======== Data records ========
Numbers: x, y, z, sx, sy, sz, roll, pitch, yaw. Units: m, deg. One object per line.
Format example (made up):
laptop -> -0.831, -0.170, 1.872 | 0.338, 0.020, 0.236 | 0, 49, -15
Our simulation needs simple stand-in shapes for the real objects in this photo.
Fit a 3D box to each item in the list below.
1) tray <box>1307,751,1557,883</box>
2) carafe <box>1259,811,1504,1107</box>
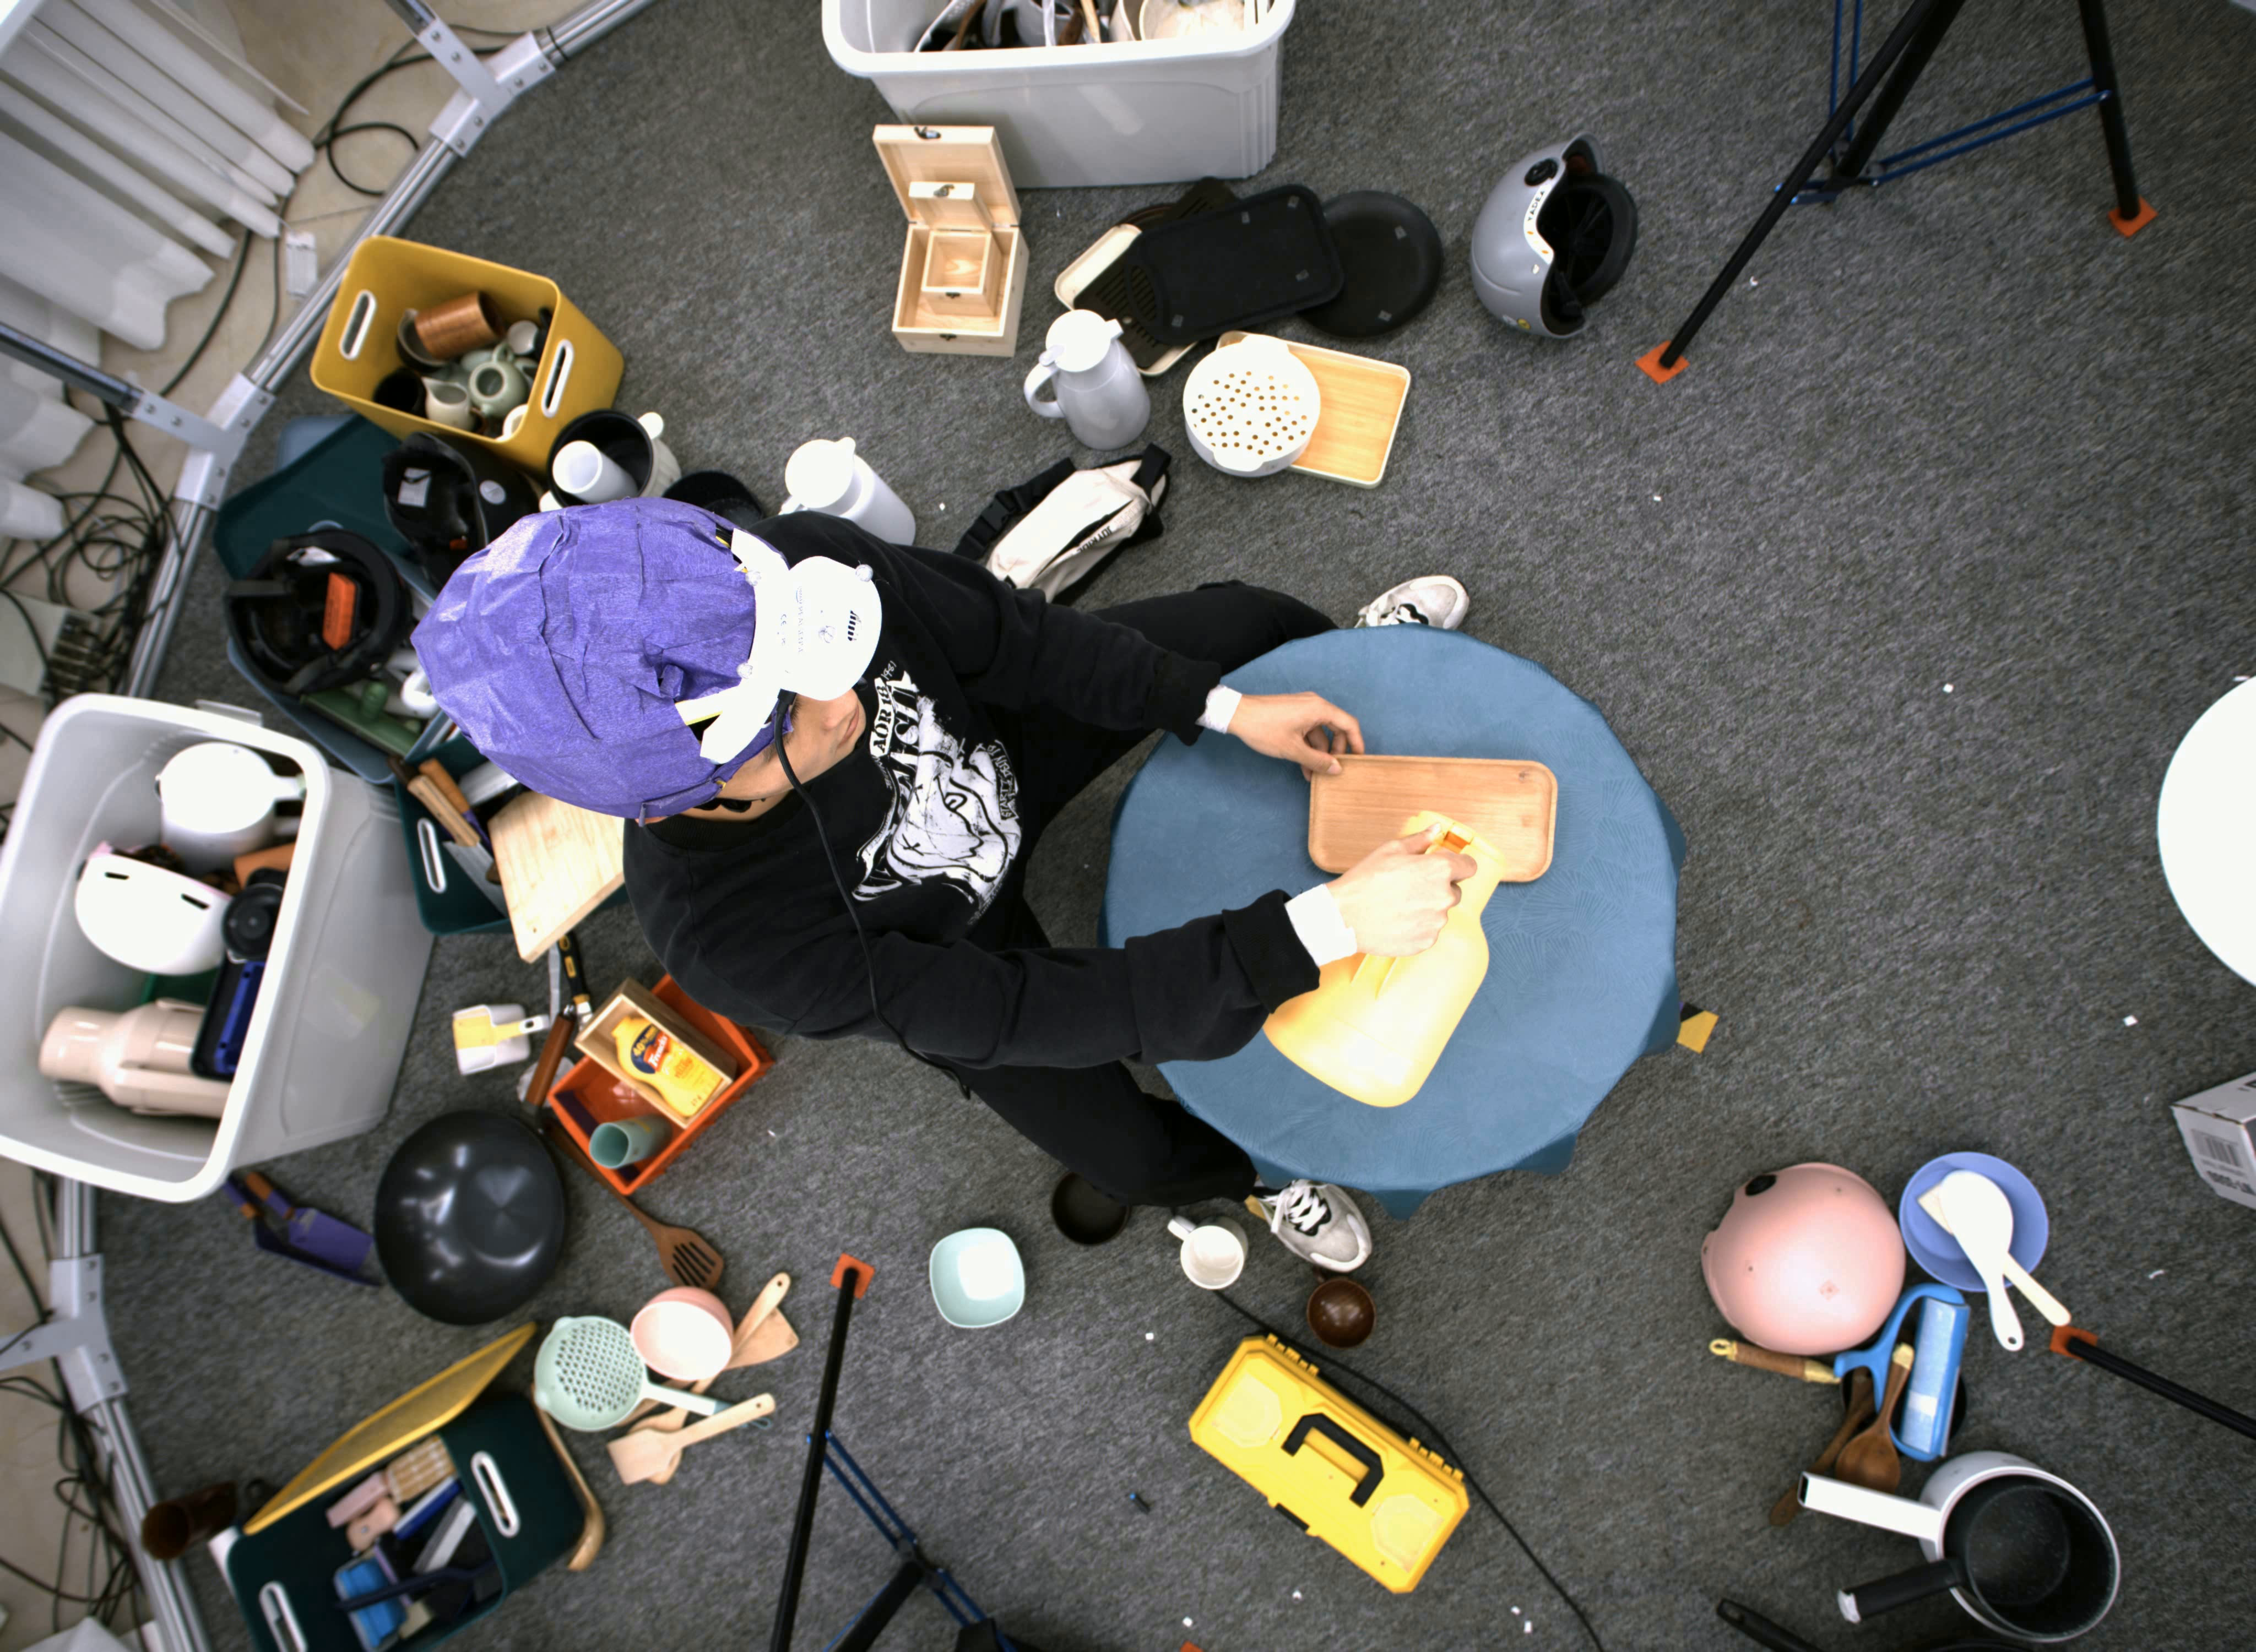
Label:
tray -> 0.313, -0.012, 1.428 | 0.251, 0.022, 0.132 | 4, 103, 10
carafe -> 0.235, 0.110, 1.240 | 0.163, 0.203, 0.261 | 30, 92, 18
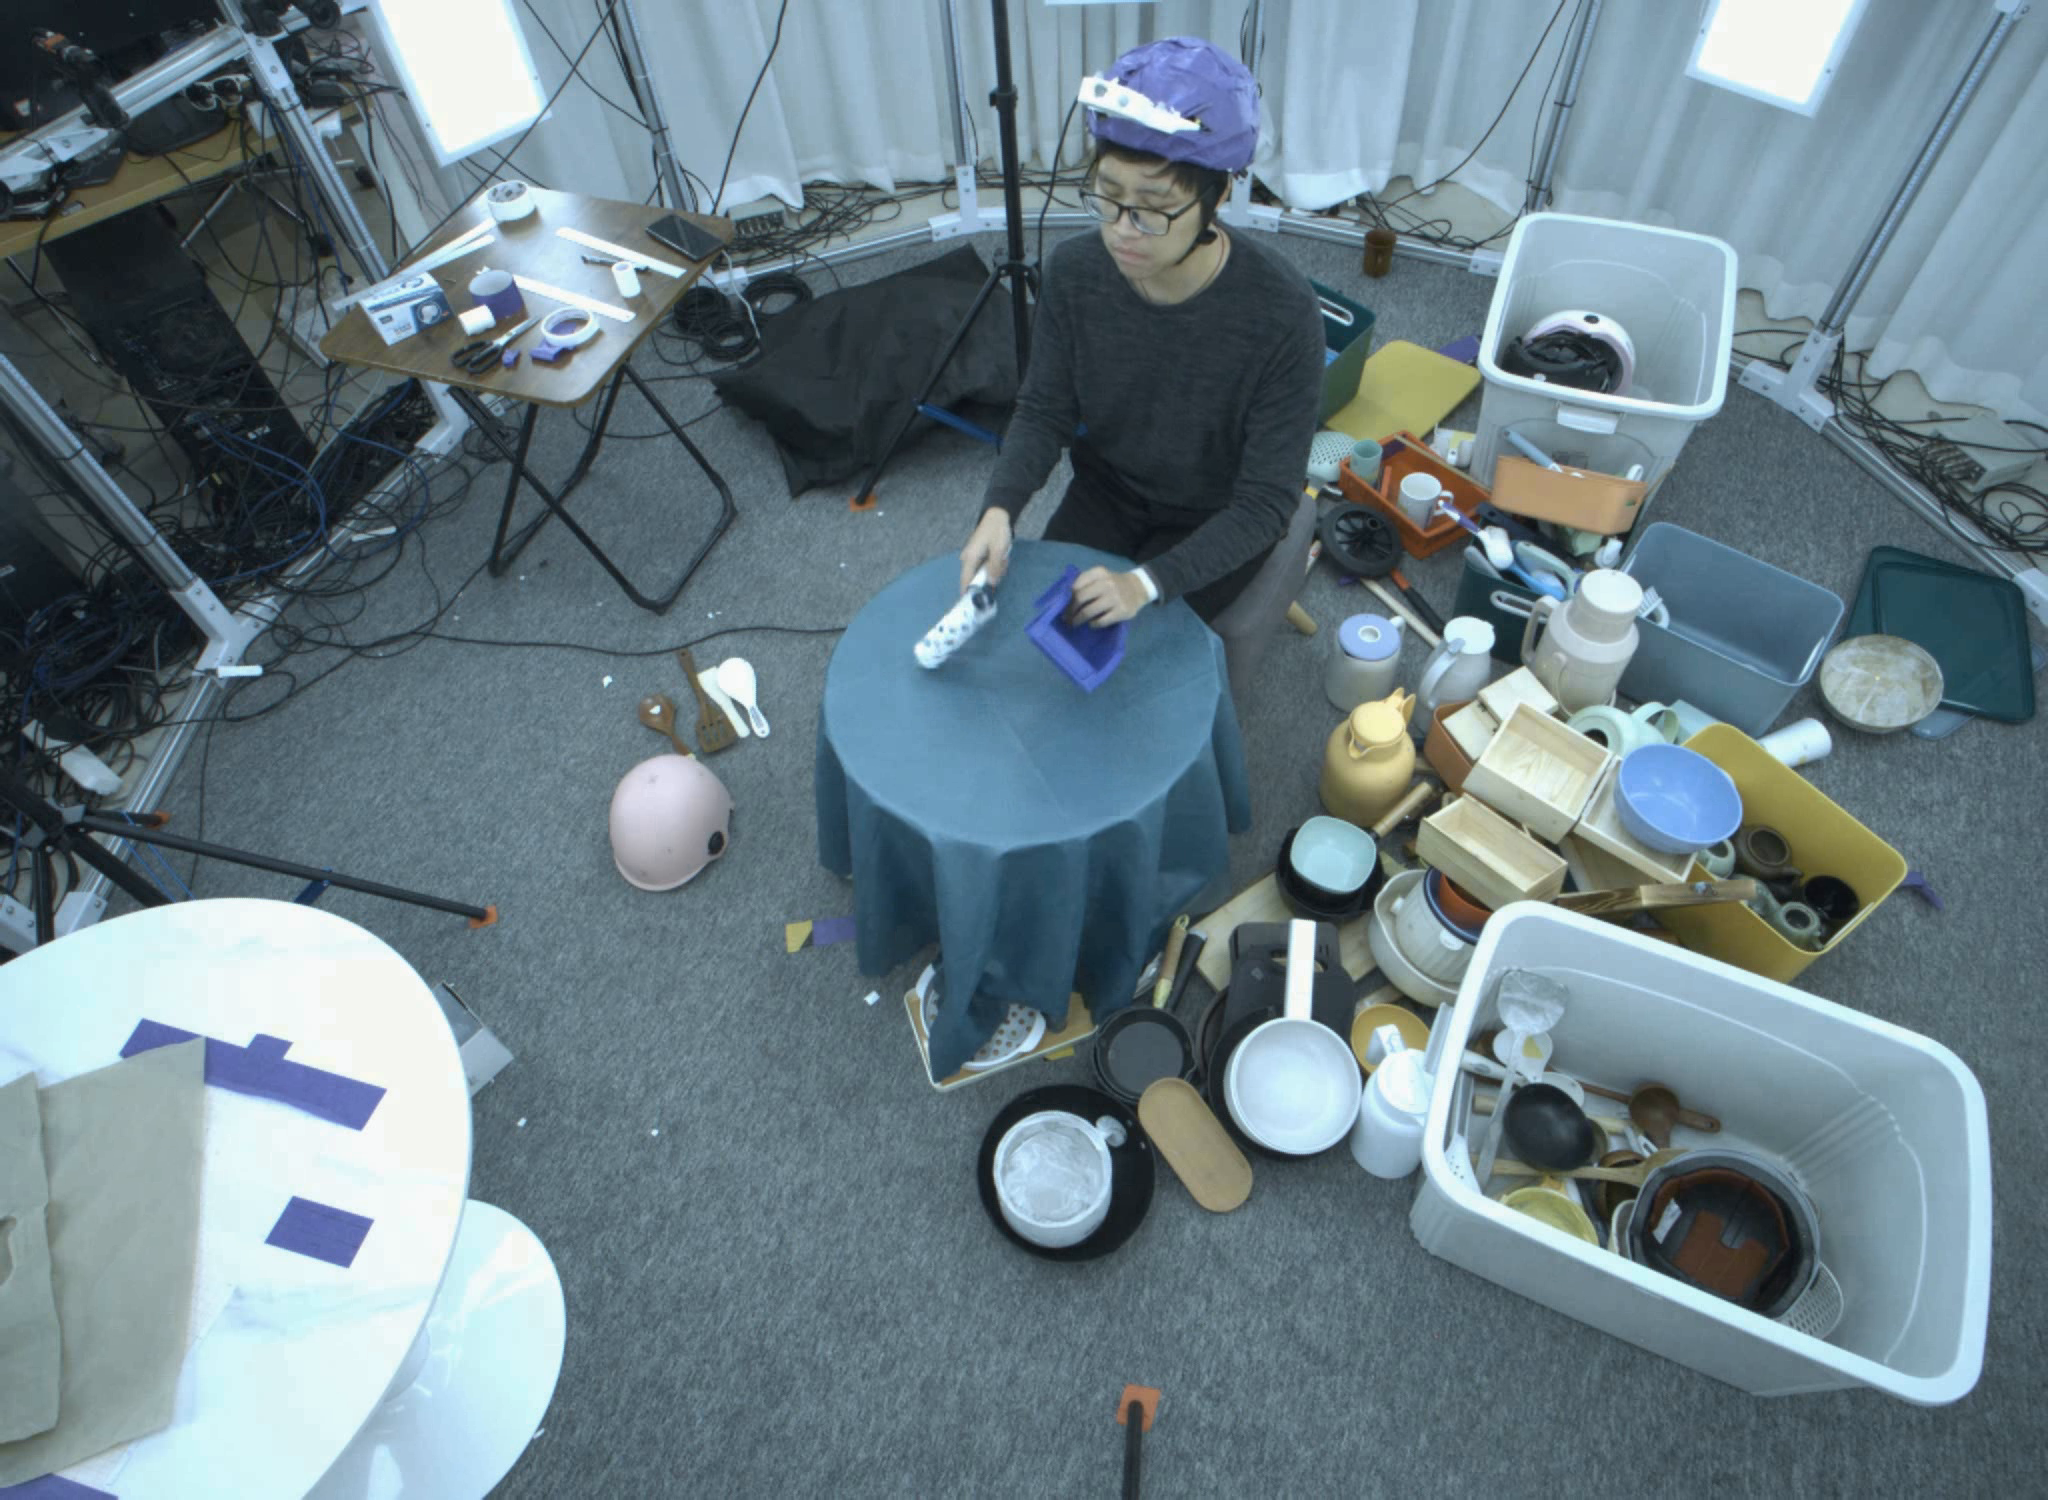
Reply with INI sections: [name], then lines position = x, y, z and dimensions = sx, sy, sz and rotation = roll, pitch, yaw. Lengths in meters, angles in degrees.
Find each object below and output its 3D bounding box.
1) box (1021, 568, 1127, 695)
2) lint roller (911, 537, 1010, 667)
[box]
position = 0.072, -0.161, 1.711
dimensions = 0.126, 0.081, 0.178
rotation = 45, 20, -13
[lint roller]
position = -0.078, -0.247, 1.876
dimensions = 0.051, 0.174, 0.246
rotation = 38, 49, -21
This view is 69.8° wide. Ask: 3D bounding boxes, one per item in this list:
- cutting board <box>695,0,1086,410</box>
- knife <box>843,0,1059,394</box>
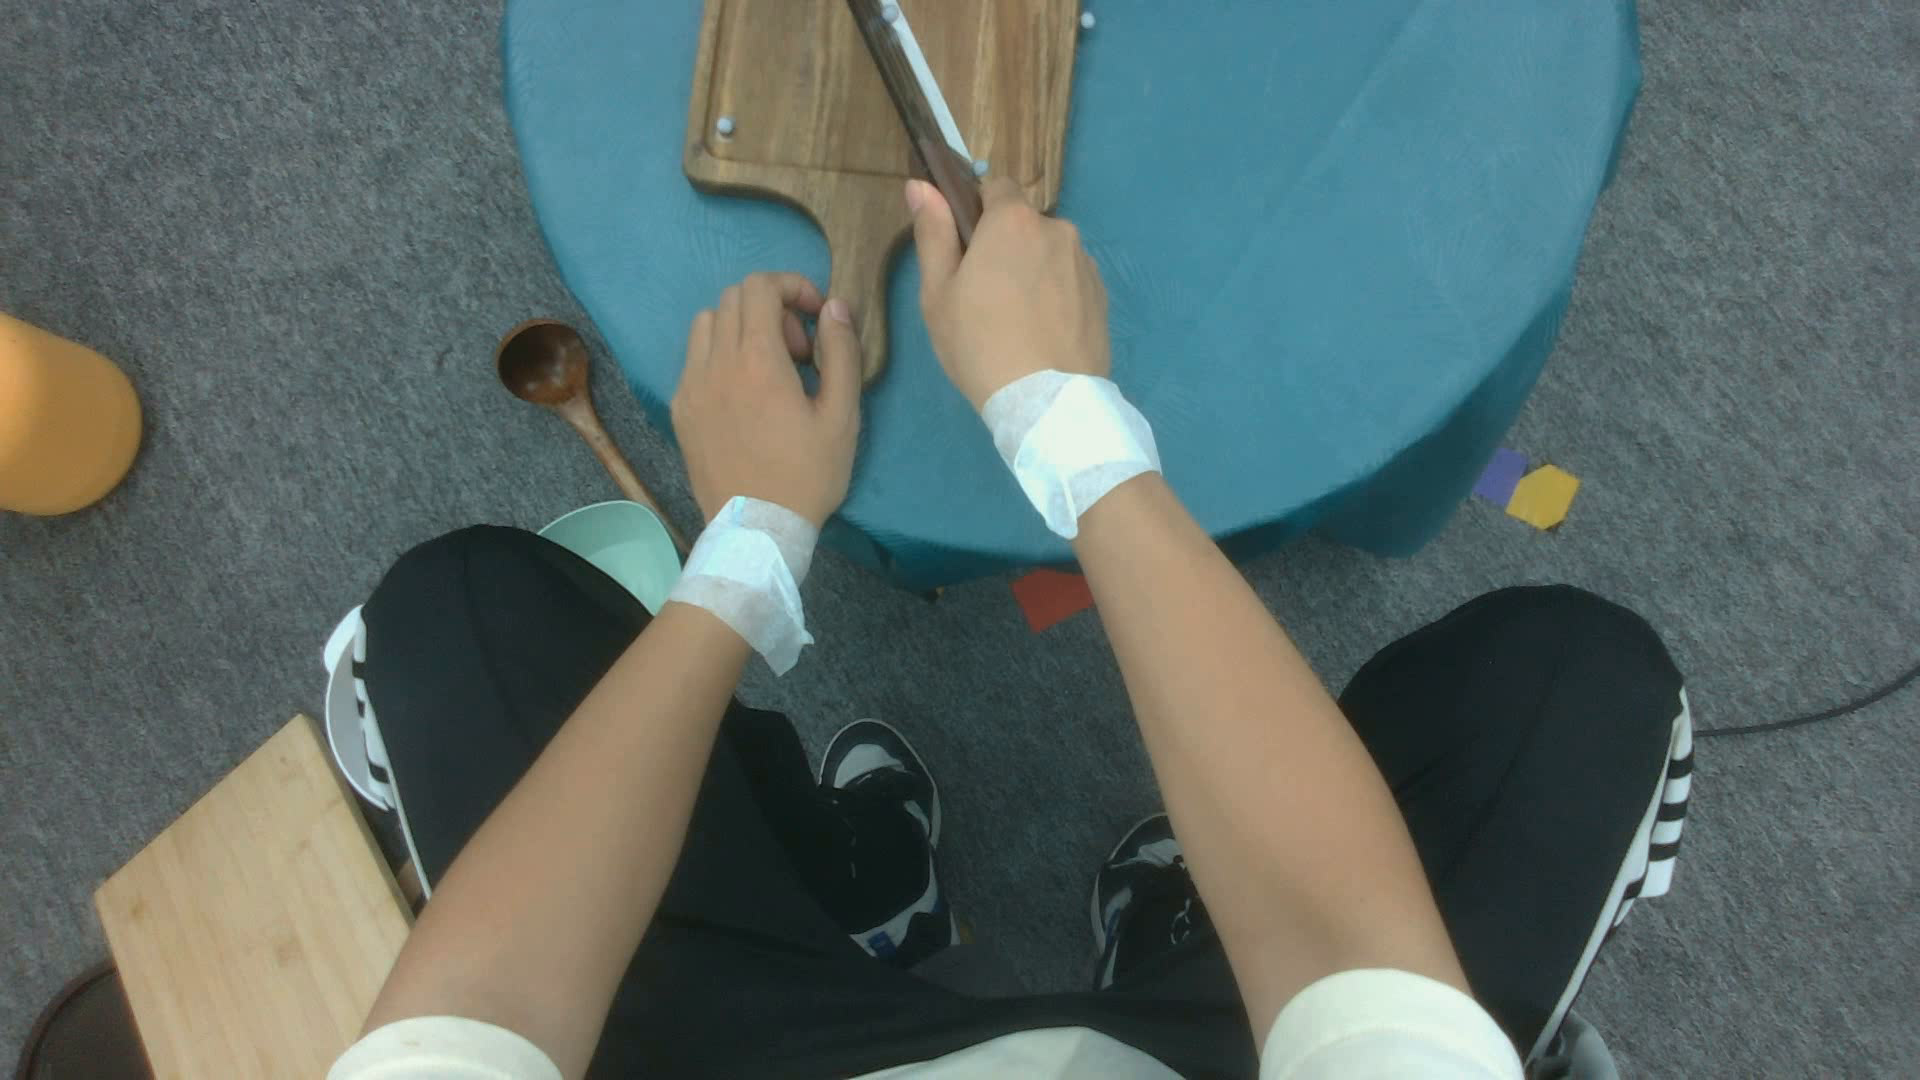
[{"bbox_3d":[-0.037,-0.243,0.743,0.201,0.023,0.352,6,82,4],"label":"cutting board"},{"bbox_3d":[-0.012,-0.200,0.688,0.024,0.068,0.300,-31,73,24],"label":"knife"}]
========
About this task: Determine the number of lines in the entries that contain the word "below". Give that number and nothing more.

Response to the exercise: 2